= Beginning of Section =

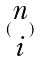<formula> <loc_0><loc_0><loc_500><loc_500>( \begin{matrix} n \\ i \end{matrix} )</formula> 
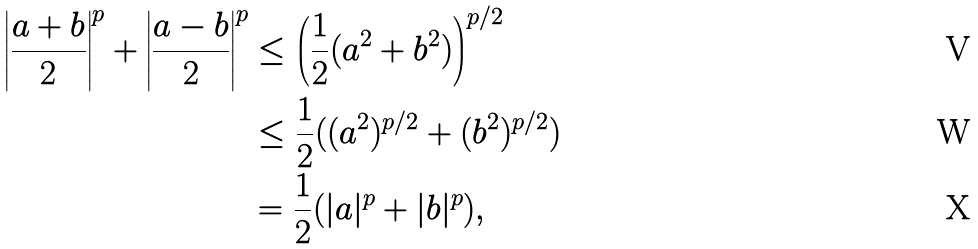Convert formula to latex. <formula><loc_0><loc_0><loc_500><loc_500>\left | \frac { a + b } 2 \right | ^ { p } + \left | \frac { a - b } 2 \right | ^ { p } & \leq \left ( \frac { 1 } { 2 } ( a ^ { 2 } + b ^ { 2 } ) \right ) ^ { p / 2 } \\ & \leq \frac { 1 } { 2 } ( ( a ^ { 2 } ) ^ { p / 2 } + ( b ^ { 2 } ) ^ { p / 2 } ) \\ & = \frac { 1 } { 2 } ( | a | ^ { p } + | b | ^ { p } ) ,</formula> 
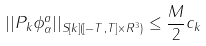<formula> <loc_0><loc_0><loc_500><loc_500>| | P _ { k } \phi ^ { a } _ { \alpha } | | _ { S [ k ] ( [ - T , T ] \times R ^ { 3 } ) } \leq \frac { M } { 2 } c _ { k }</formula> 
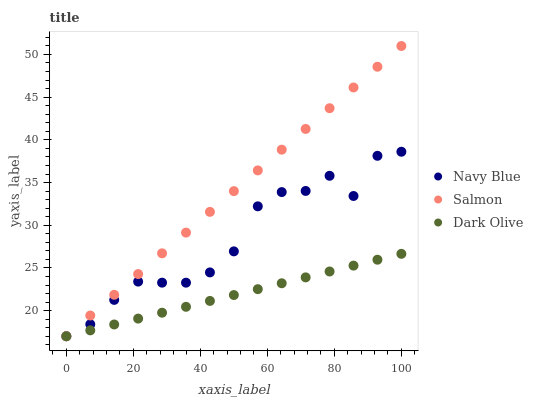Does Dark Olive have the minimum area under the curve?
Answer yes or no. Yes. Does Salmon have the maximum area under the curve?
Answer yes or no. Yes. Does Salmon have the minimum area under the curve?
Answer yes or no. No. Does Dark Olive have the maximum area under the curve?
Answer yes or no. No. Is Dark Olive the smoothest?
Answer yes or no. Yes. Is Navy Blue the roughest?
Answer yes or no. Yes. Is Salmon the smoothest?
Answer yes or no. No. Is Salmon the roughest?
Answer yes or no. No. Does Navy Blue have the lowest value?
Answer yes or no. Yes. Does Salmon have the highest value?
Answer yes or no. Yes. Does Dark Olive have the highest value?
Answer yes or no. No. Does Salmon intersect Dark Olive?
Answer yes or no. Yes. Is Salmon less than Dark Olive?
Answer yes or no. No. Is Salmon greater than Dark Olive?
Answer yes or no. No. 
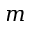Convert formula to latex. <formula><loc_0><loc_0><loc_500><loc_500>m</formula> 
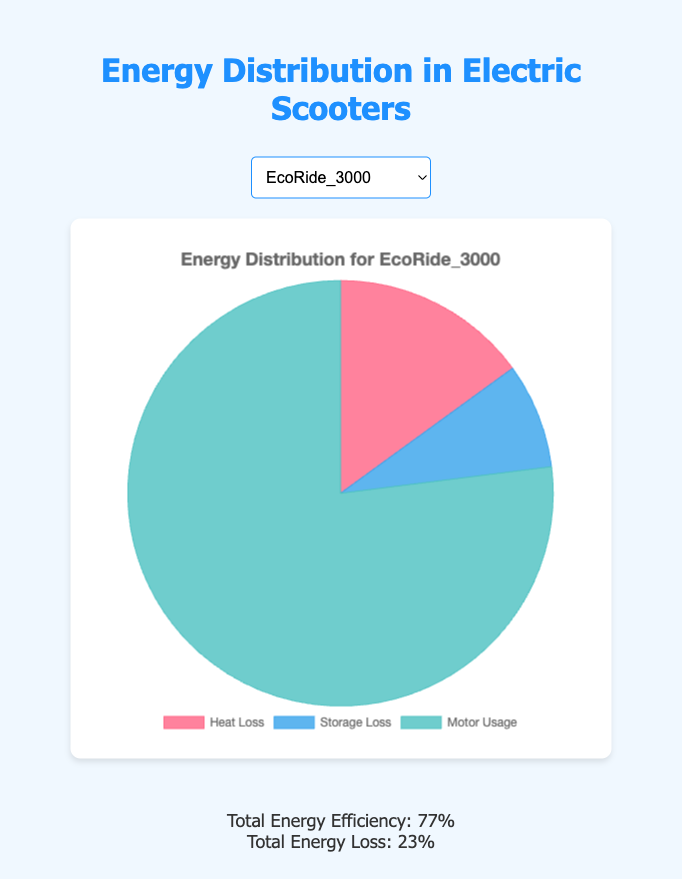Which scooter model has the highest proportion of energy used by the motor? To determine which scooter model has the highest proportion of energy used by the motor, we need to compare the 'Motor Usage' percentages: EcoRide_3000 (77%), UrbanCruise_450 (78%), Speedster_700 (72%), EcoRide_500 (79%), and CityCommuter_200 (76%). EcoRide_500 has the highest at 79%.
Answer: EcoRide_500 Which scooter model loses the least energy in storage losses? To identify the scooter model with the least storage losses, we compare the 'Storage Loss' values: EcoRide_3000 (8%), UrbanCruise_450 (12%), Speedster_700 (10%), EcoRide_500 (9%), and CityCommuter_200 (11%). The EcoRide_3000 has the lowest storage loss at 8%.
Answer: EcoRide_3000 What is the combined energy loss percentage for EcoRide_3000 from heat and storage? To find the combined energy loss percentage, sum the 'Heat Loss' and 'Storage Loss' for EcoRide_3000: 15% (Heat Loss) + 8% (Storage Loss) = 23%.
Answer: 23% Which scooter model has the lowest total energy loss? We need to sum the 'Heat Loss' and 'Storage Loss' for each model and identify the smallest sum: EcoRide_3000 (15% + 8% = 23%), UrbanCruise_450 (10% + 12% = 22%), Speedster_700 (18% + 10% = 28%), EcoRide_500 (12% + 9% = 21%), CityCommuter_200 (13% + 11% = 24%). EcoRide_500 has the lowest total energy loss at 21%.
Answer: EcoRide_500 What is the average proportion of motor usage across all scooter models? To calculate the average proportion of motor usage, sum the 'Motor Usage' values and divide by the number of models: (77% + 78% + 72% + 79% + 76%) / 5 = 76.4%.
Answer: 76.4% By how much does the heat loss of Speedster_700 exceed that of UrbanCruise_450? Subtract the 'Heat Loss' of UrbanCruise_450 from Speedster_700: 18% (Speedster_700) - 10% (UrbanCruise_450) = 8%.
Answer: 8% Which model has the smallest difference between motor usage and heat loss? Calculate the difference between 'Motor Usage' and 'Heat Loss' for each model and identify the smallest difference: EcoRide_3000 (77% - 15% = 62%), UrbanCruise_450 (78% - 10% = 68%), Speedster_700 (72% - 18% = 54%), EcoRide_500 (79% - 12% = 67%), CityCommuter_200 (76% - 13% = 63%). Speedster_700 has the smallest difference at 54%.
Answer: Speedster_700 What visual attribute distinguishes the motor usage section in the pie chart across all models? The motor usage section in the pie chart for all models is represented by a distinct light blue color, making it visually identifiable.
Answer: light blue

= End of Section =

» **Work request**
From the line that contains "Answer: 23% Which" down to the final line of the entries, print every line exactly as it is, and only those lines.

» **Result of the task**
Answer: 23% Which scooter model has the lowest total energy loss? We need to sum the 'Heat Loss' and 'Storage Loss' for each model and identify the smallest sum: EcoRide_3000 (15% + 8% = 23%), UrbanCruise_450 (10% + 12% = 22%), Speedster_700 (18% + 10% = 28%), EcoRide_500 (12% + 9% = 21%), CityCommuter_200 (13% + 11% = 24%). EcoRide_500 has the lowest total energy loss at 21%.
Answer: EcoRide_500 What is the average proportion of motor usage across all scooter models? To calculate the average proportion of motor usage, sum the 'Motor Usage' values and divide by the number of models: (77% + 78% + 72% + 79% + 76%) / 5 = 76.4%.
Answer: 76.4% By how much does the heat loss of Speedster_700 exceed that of UrbanCruise_450? Subtract the 'Heat Loss' of UrbanCruise_450 from Speedster_700: 18% (Speedster_700) - 10% (UrbanCruise_450) = 8%.
Answer: 8% Which model has the smallest difference between motor usage and heat loss? Calculate the difference between 'Motor Usage' and 'Heat Loss' for each model and identify the smallest difference: EcoRide_3000 (77% - 15% = 62%), UrbanCruise_450 (78% - 10% = 68%), Speedster_700 (72% - 18% = 54%), EcoRide_500 (79% - 12% = 67%), CityCommuter_200 (76% - 13% = 63%). Speedster_700 has the smallest difference at 54%.
Answer: Speedster_700 What visual attribute distinguishes the motor usage section in the pie chart across all models? The motor usage section in the pie chart for all models is represented by a distinct light blue color, making it visually identifiable.
Answer: light blue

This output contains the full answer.